Hi guys, wat do you guys use to make the tank background black?
except for black posters..?


----------



## Chronick (Apr 27, 2010)

Japes' guide to applying 'vinyl' backgrounds - MonsterFishKeepers.com

this is an amazing guide, and if you've seen his photos you know that his method works flawlessly

i also think that this method is the best because if you decide to paint it, it can a pain to remove the paint and you may end up scratching the tank


----------



## target (Apr 21, 2010)

My background is blue but I used spray paint. Would work the same for black. As was said, removing it could be a pain


----------



## CRS Fan (Apr 21, 2010)

You can use black roll-on paint or you can also use Krylon Fusion spray paint on the outside back wall. The Krylon Fusion will bond better to the glass though.

Best Regards,

Stuart


----------



## H . (Apr 23, 2010)

black garbage bag works.


----------



## tony1928 (Apr 22, 2010)

You can go to any sign shop and get the black vinyl decal material which works or you could get vinyl material that clings to glass that is easily removable.

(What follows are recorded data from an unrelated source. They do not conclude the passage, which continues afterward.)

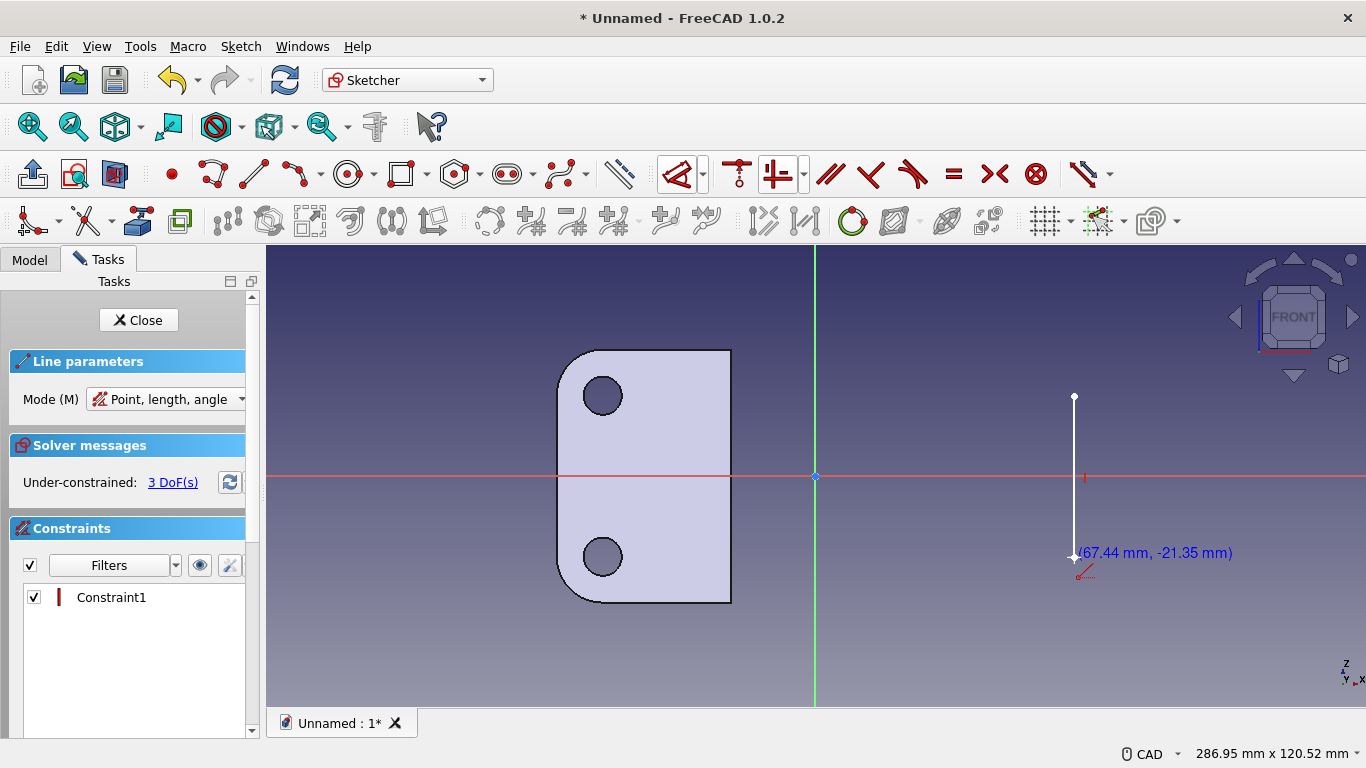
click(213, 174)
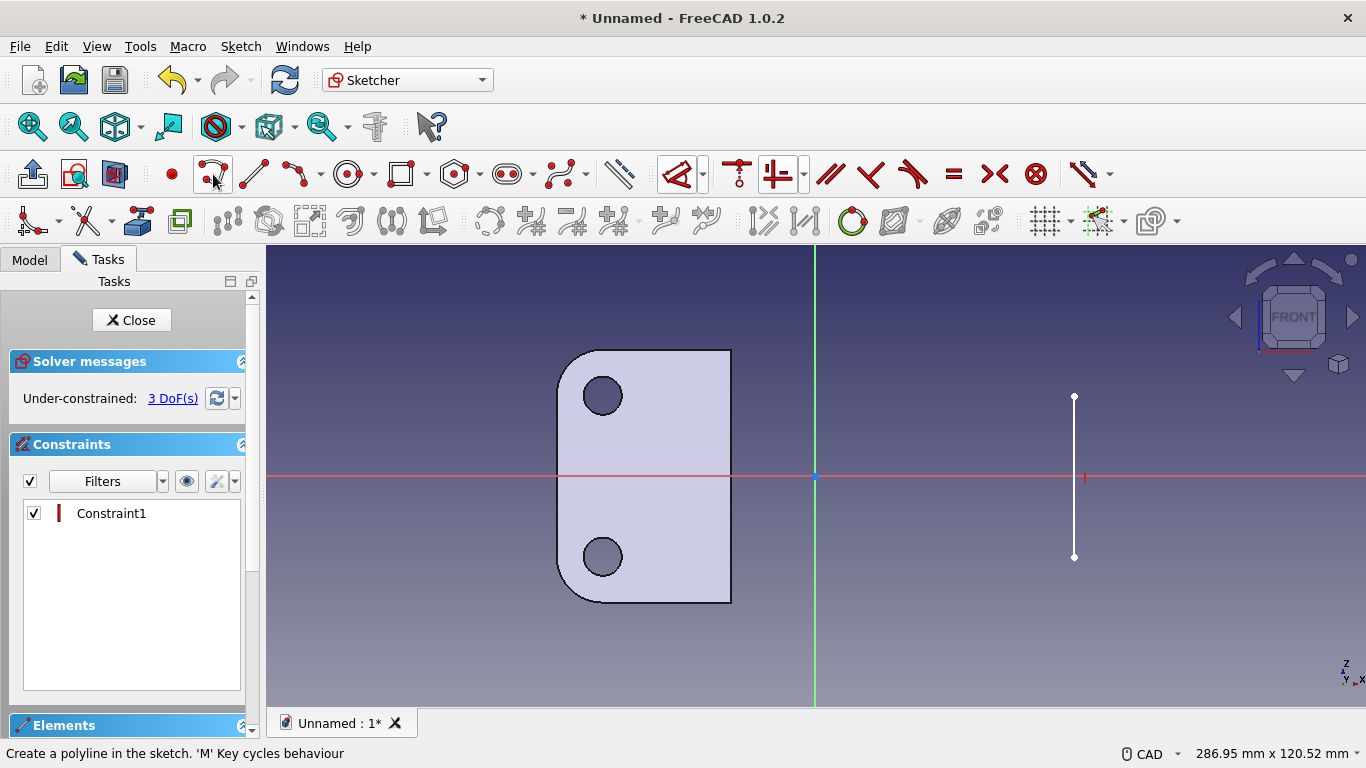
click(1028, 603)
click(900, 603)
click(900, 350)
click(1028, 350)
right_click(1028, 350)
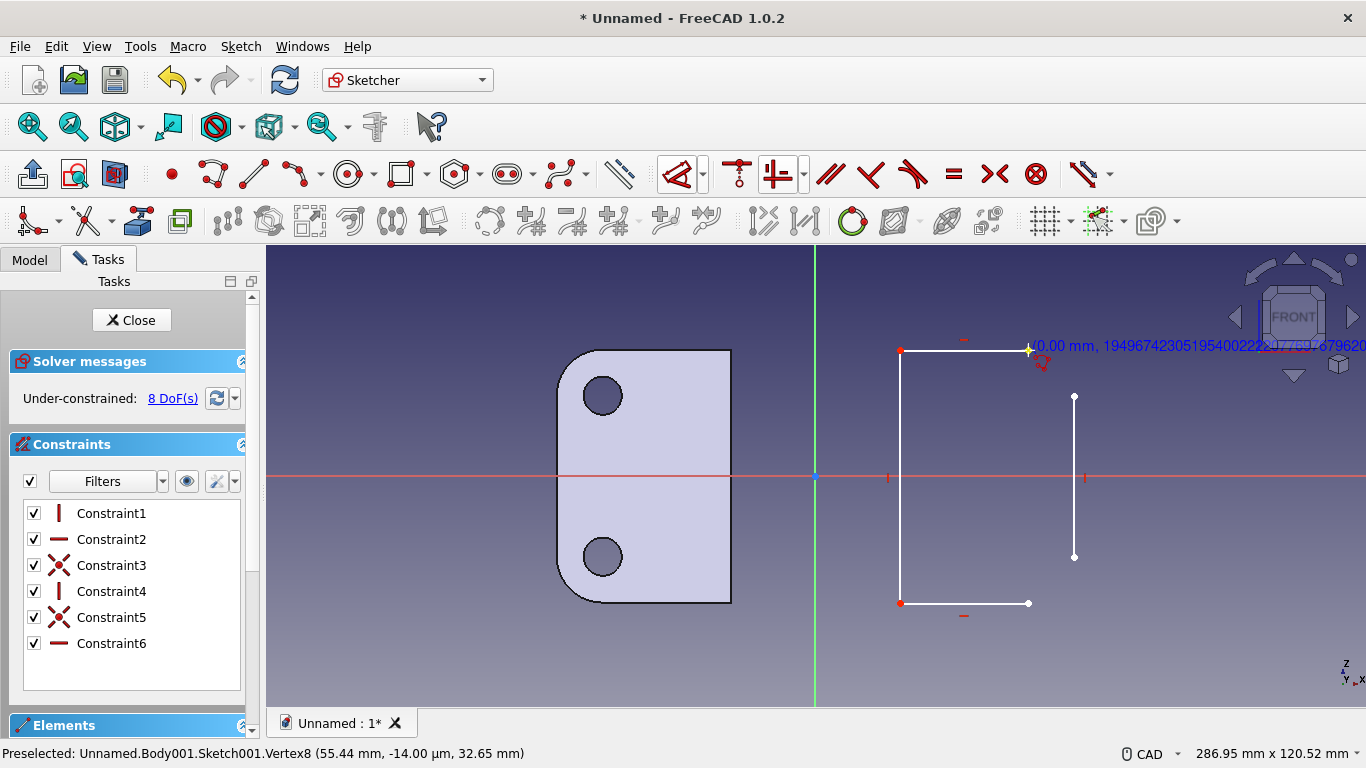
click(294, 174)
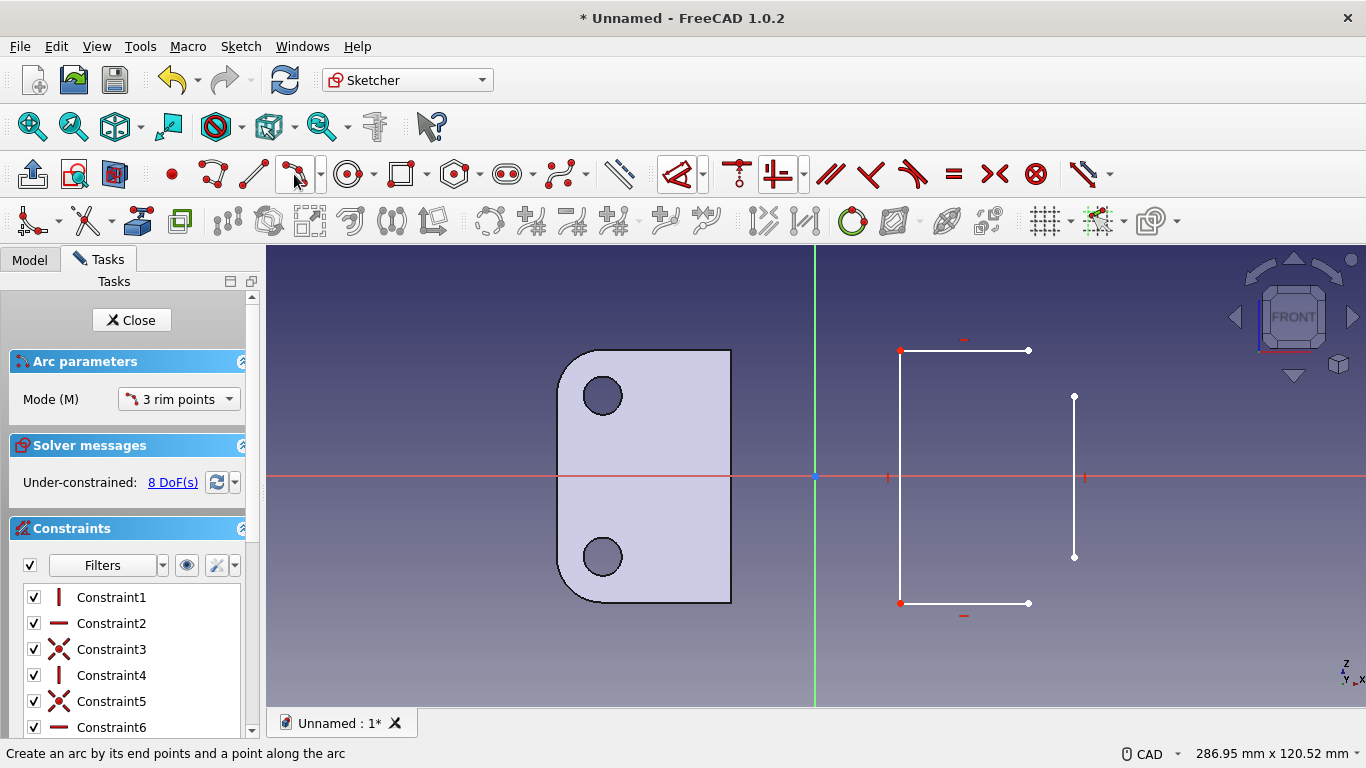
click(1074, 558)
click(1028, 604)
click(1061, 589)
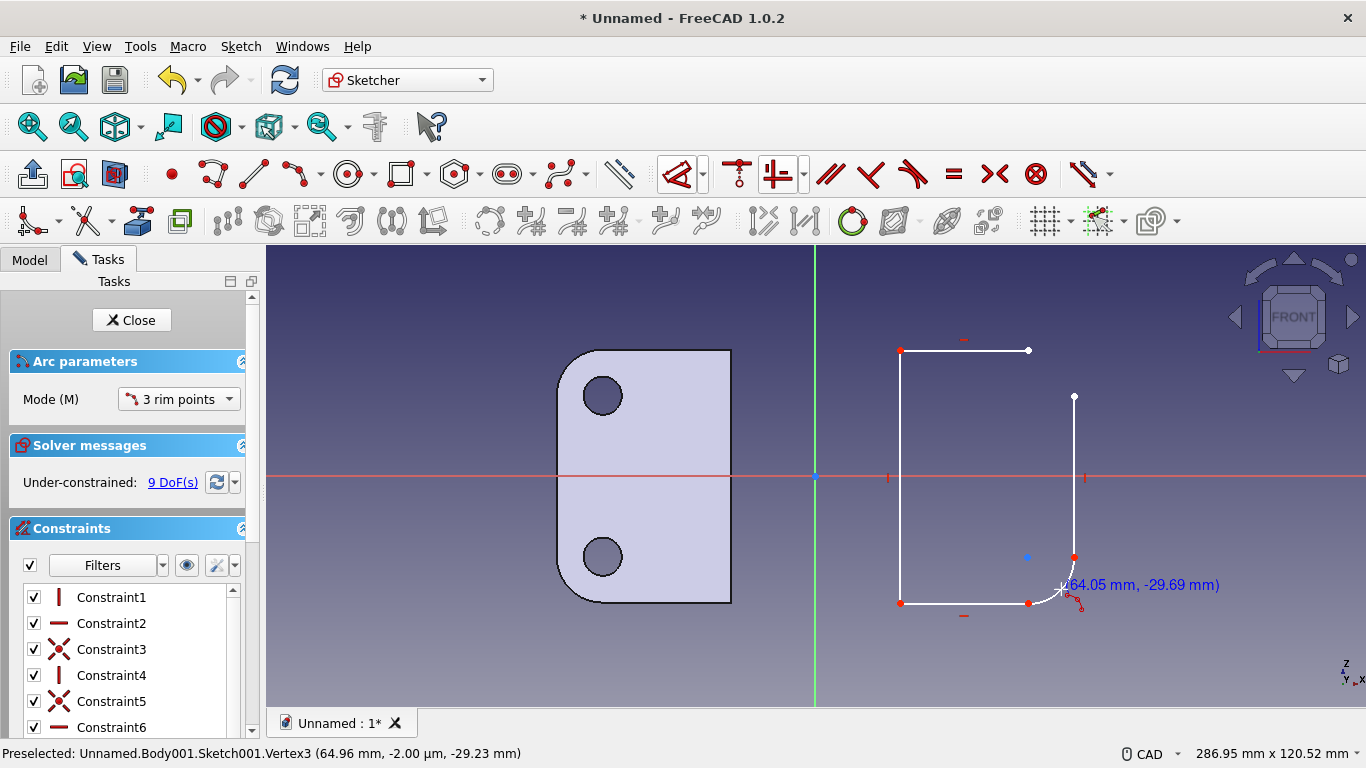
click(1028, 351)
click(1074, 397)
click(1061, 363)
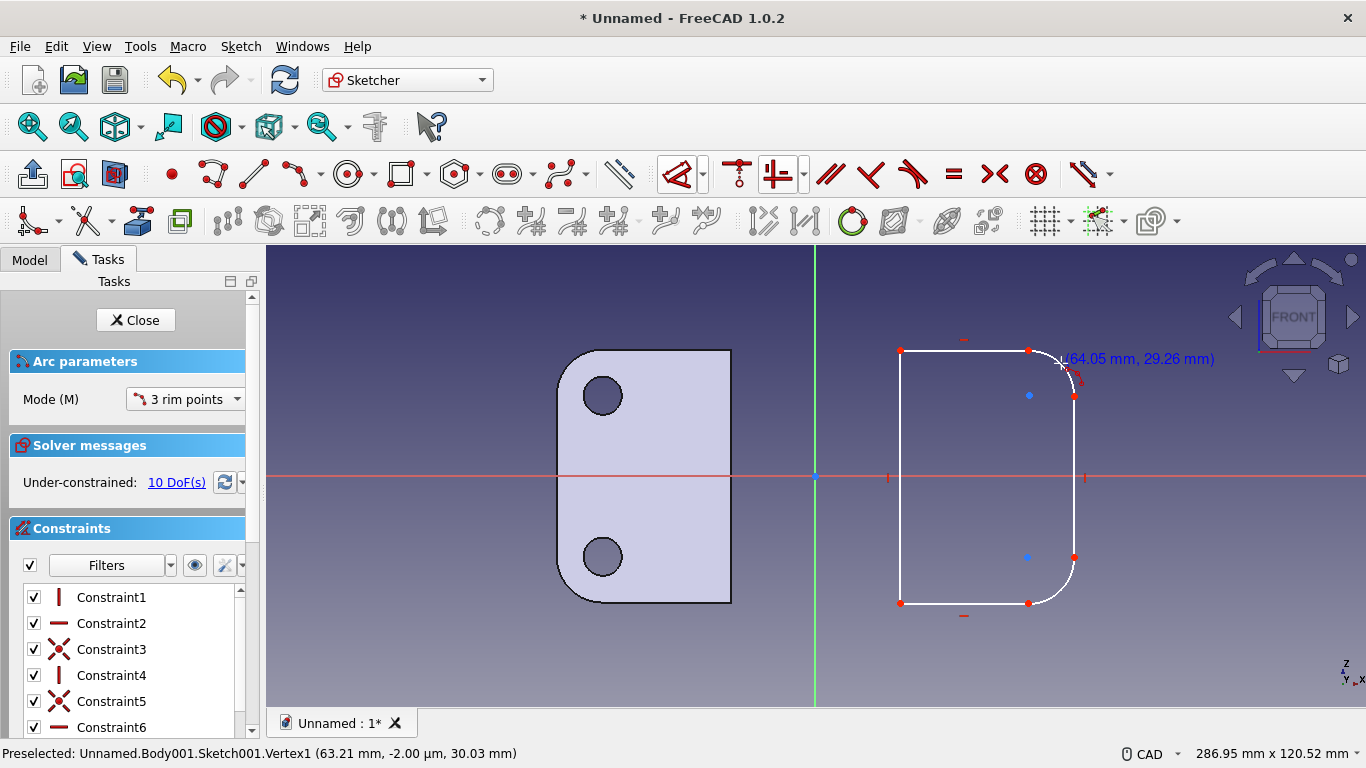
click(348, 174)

I can't remember which is more expensive. On my big tank, I just used flat black latex paint.


----------



## hi-revs (Nov 3, 2010)

curious question...(if i may),

Blue backgrounds looks nice to me, but just curious why you guys decide to go with a single colour background in your tanks instead of a picture poster background?


----------



## crazy72 (Apr 22, 2010)

hi-revs said:


> curious question...(if i may),
> 
> Blue backgrounds looks nice to me, but just curious why you guys decide to go with a single colour background in your tanks instead of a picture poster background?


For me it's because I find paint looks a thousand times better than posters. No reflections, water doesn't get stuck in between the poster and the glass, etc...

I suppose one could try and paint a picture, but I'd rather not myself.


----------